Solar panels serve an important function by creating an alternative source of electricity and reducing dependence on coal.  Because they generate electricity without any moving parts, require little maintenance, and emit no harmful gases or chemicals, they are becoming one of the best ways to reduce the carbon footprint and help the environment.  Also, the more energy-efficient your home is, the fewer panels are needed to power it.  Consider implementing smaller green renovations (CFLs, better insulation, energy-efficient appliances and windows, etc.) before installing solar panels.  This will minimize your upfront costs by reducing the number of panels you need as well as decreasing your monthly energy expenses.


Estimated Cost Savings:

While solar systems are still relatively expensive, the price has come down significantly since they were first produced.  Currently, a typical solar system can cost anywhere between $5,000 and $100,000 depending on how much energy you wish to produce and how large of a space you are powering.  Starter kits, which usually consist of one panel, a battery, an inverter, and the necessary cables, start as low as $500-$1,000, but only generate a limited amount of energy.  Individual solar panels cost anywhere from $50 to $1000 depending on how much energy they produce and the material they are composed of.  The lower-range models are typically used for recharging electronics batteries (phones, iPods, etc.), but will not produce nearly enough energy to power a house.  In addition to the panel itself, initial expenses include balance-of-system costs such as batteries, charge controllers, inverters, support structures, sensors, installation, and insurance fees.  Solar energy currently costs between $3 and $4 per watt (15-25 cents per kWh), creating a 10-20 year return on investment. 


Solar panels are ideal for remote locations where it is more expensive to connect to the power grid as the monthly monetary savings will be more dramatic. For a truly "off the grid" installation, the avoided cost of bringing in power lines from the utility offsets some or all of the PV installation cost. An off the grid installation uses batteries to store electricity for use at night and whenever sunlight cannot provide enough for the home.


Check for financial incentives offered in your state by consulting the Database of State Incentives for Renewable Energy.

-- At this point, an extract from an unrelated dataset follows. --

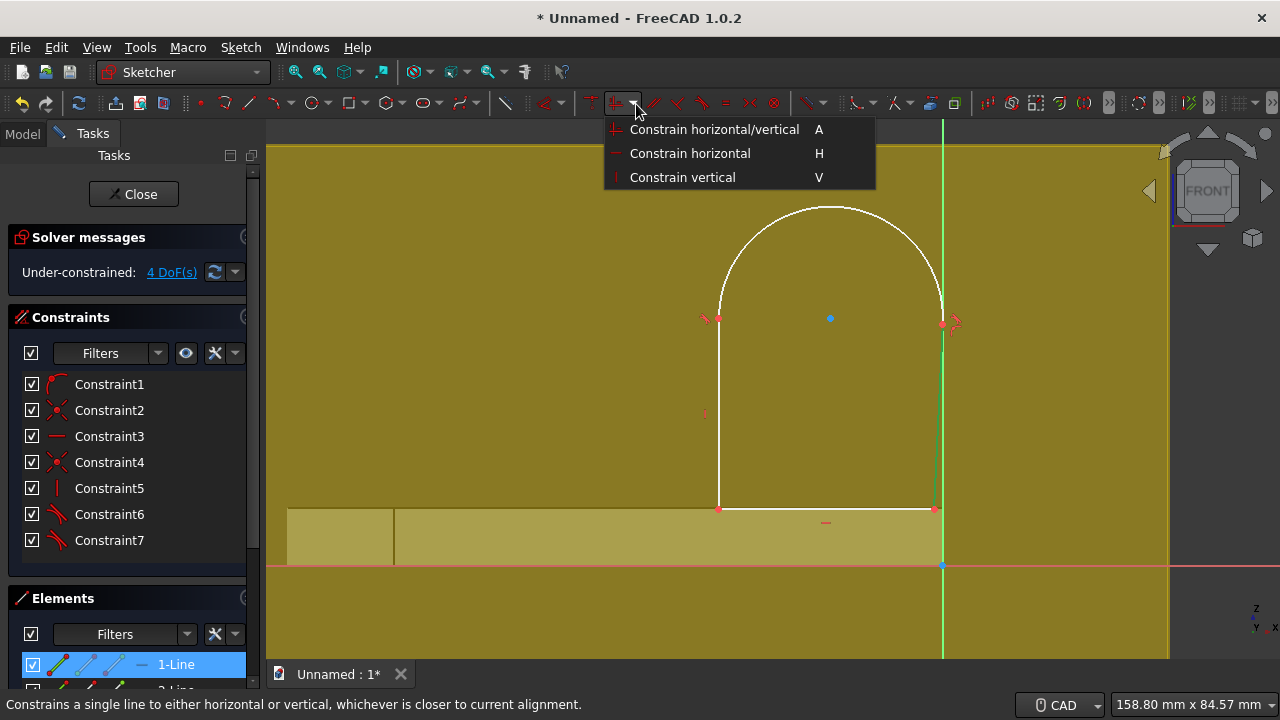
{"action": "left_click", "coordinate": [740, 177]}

Because solar panels need sunlight to function properly, their efficiency depends on weather conditions, obstructions, and their position and angle relative to the sun.  To maximize efficiency, remove any branches, trees, or other obstructions that shade the panels.  If possible, place the panels on a south-facing roof at the recommended angle for your latitude. Dynamic mounts are available that alter the angle of the panels throughout the day to follow the sun, allowing for the greatest amount of direct light possible.


Weather conditions may also affect the efficiency of your solar system.  However, even on cloudy days, there is still enough indirect light to generate limited amounts of power.  The panels will continue to generate energy throughout the winter as they rely on light not heat.  However, because the days are shorter during wintertime, they will generate proportionally less energy due to a shortened exposure to sunlight. 

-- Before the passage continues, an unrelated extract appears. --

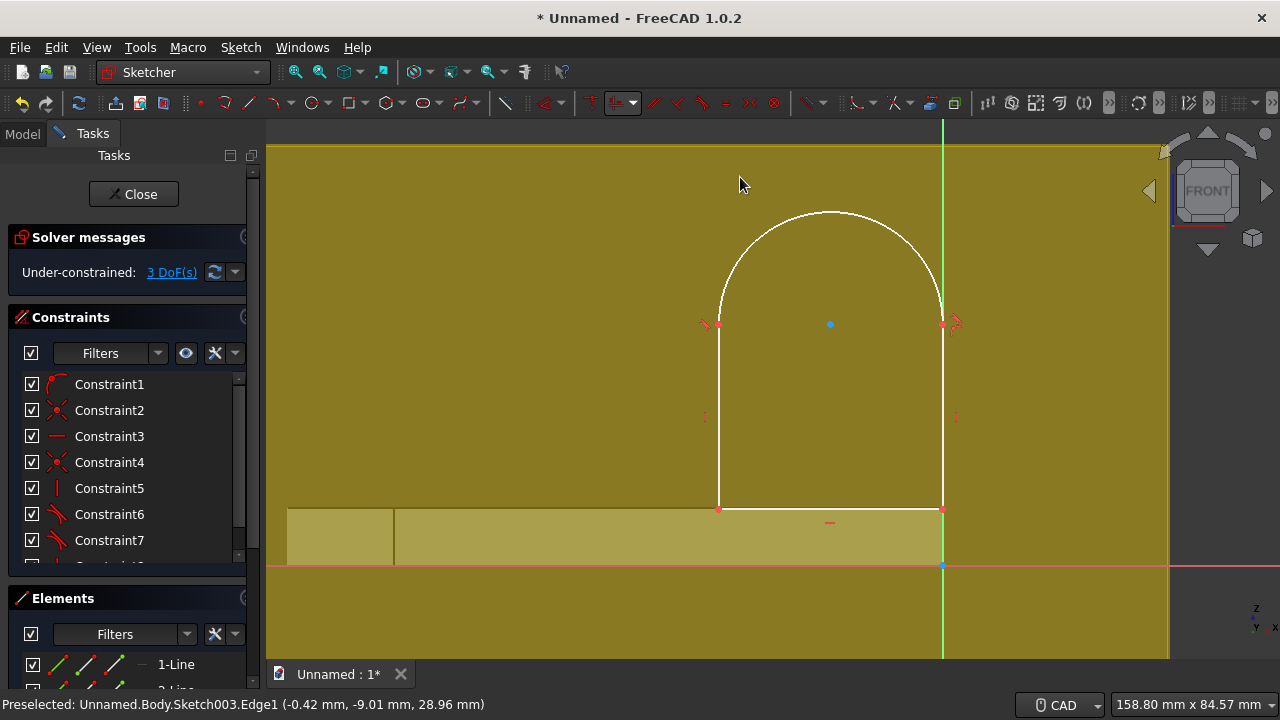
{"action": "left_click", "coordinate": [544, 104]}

Water damage is one of the biggest problems regarding solar panels as it causes the panels to decrease in efficiency or completely malfunction.  To avoid this problem, do not mount your panels horizontally as this will cause water to collect and may cause serious damage.  Also, make sure there is a sufficient air gap between the panels to allow for drainage and ventilation. 


It is possible to connect your solar system to a battery to ensure your home is powered through the night and any power outages.  Batteries can store the extra electricity generated throughout the day and keep it on reserve for later use.


Installation (Getting It Done):

Some solar panels can be installed yourself, but many manufacturers suggest professional assistance to ensure it is placed in the best possible location.  When installing, remember that solar panels use light to produce energy, so it is important to place them in a location that receives direct sunlight throughout the day.  A south-facing roof is usually the best option, but an east-west roof can work as well.  If you have a large ground area without obstruction, a ground-mounted system may work for you.  Be sure to remove and obstructions when installing to ensure your solar panels are able to work at their maximum capacity. 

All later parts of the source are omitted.